The store is open from 10 a.m. to 5 p.m. on Saturdays and Sundays.

As visitors step into the store, they find shelves filled with an assortment of kitchen ware, including Pyrex dishes and locally produced glass items; signs and other advertising materials for beer and other everyday products; doilies and various crocheted items; as well as many other antiques.

A children’s pedal car sits near the front window, not far from a scale that promises to tell “your weight and your fate.”

“We try to keep a little bit of everything,” said Rachel, who likes to dress in clothing from or typical of the 1940s, 1950s or 1960s and play old records in the store.

A Follansbee native and Brooke High School graduate, she and Jim, a native of Washington, Pa., who served in the Marines and Coast Guard, live in Steubenville.

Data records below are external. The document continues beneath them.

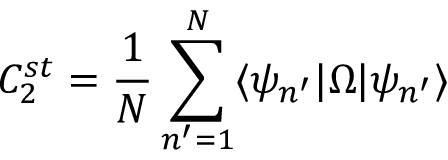Convert formula to latex. <formula><loc_0><loc_0><loc_500><loc_500>C _ { 2 } ^ { s t } = \frac { 1 } { N } \sum _ { n ^ { \prime } = 1 } ^ { N } \langle \psi _ { n ^ { \prime } } | \Omega | \psi _ { n ^ { \prime } } \rangle</formula> 
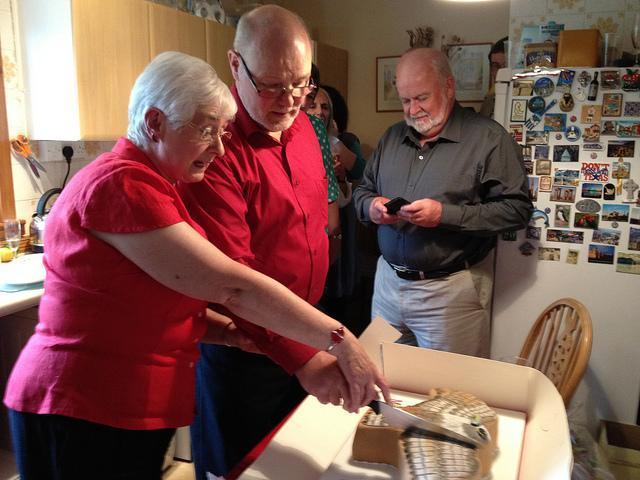How many people can you see?
Give a very brief answer. 3. 
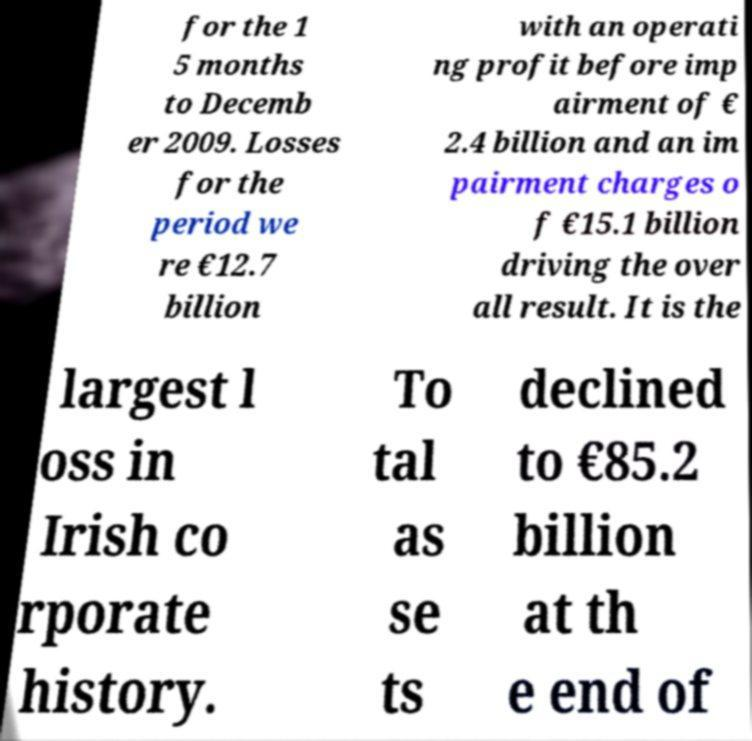For documentation purposes, I need the text within this image transcribed. Could you provide that? for the 1 5 months to Decemb er 2009. Losses for the period we re €12.7 billion with an operati ng profit before imp airment of € 2.4 billion and an im pairment charges o f €15.1 billion driving the over all result. It is the largest l oss in Irish co rporate history. To tal as se ts declined to €85.2 billion at th e end of 
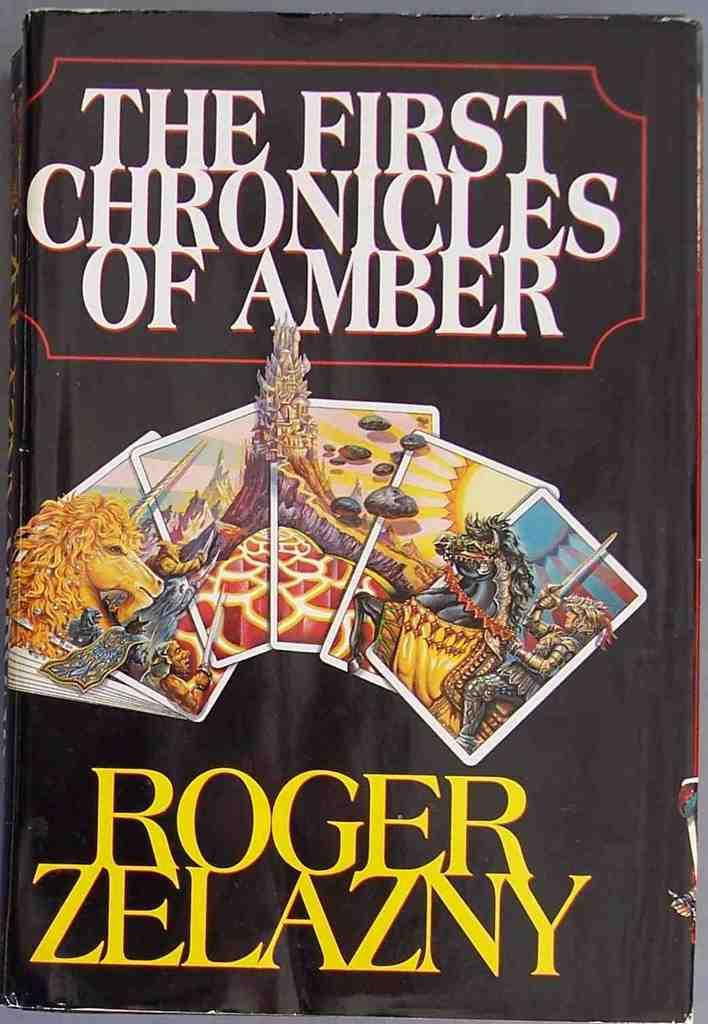<image>
Give a short and clear explanation of the subsequent image. A book titled the first chronicles of amber

When they aren’t working as a nurse involved with case management and paramedic, respectively, or staffing the store, the two are browsing at flea markets, estate sales and other venues for potential merchandise.

Jim has his own collection of antique advertising displays for various beers and early license plates, noting ones used in the early 1900s often were made of heavy porcelain.

Rachel said pre-1960s furniture in good condition, particularly from the 1950s, are good sellers at this time.

Also popular are items of local interest, and she once salvaged a pair of wood crates belonging to Follansbee’s Lantz Dairy that were going to be burned.

They said they enjoy dealing with potential sellers and welcome anyone with items they are interested in selling but note, as business owners, they must spend wisely.

“We sometimes have to remind people we’re not the guys from ‘American Pickers.’ We don’t have their budget,” said Jim.

Those interested in buying or selling can call (304) 670-6444 for information.

The couple has sold items on consignment and also use Facebook and Etsy to advertise their antiques outside the Tri-State Area.

“We have a lot of people come in from Columbus and Pittsburgh,” said Rachel, who added they have created a flier listing other antique shops to help visitors hunting for a specific item or just planning a day of exploring.

“That’s the nice thing about antique businesses. We all promote each other,” she said.

The store itself is something of an antique, with its wood floors and tinplate ceiling. It has served as home to Ferrante’s Grocery, The Daily Perk and Scavati’s over the years.

The pair sealed the roof, painted the interior and removed partitions to prepare the building for its new identity.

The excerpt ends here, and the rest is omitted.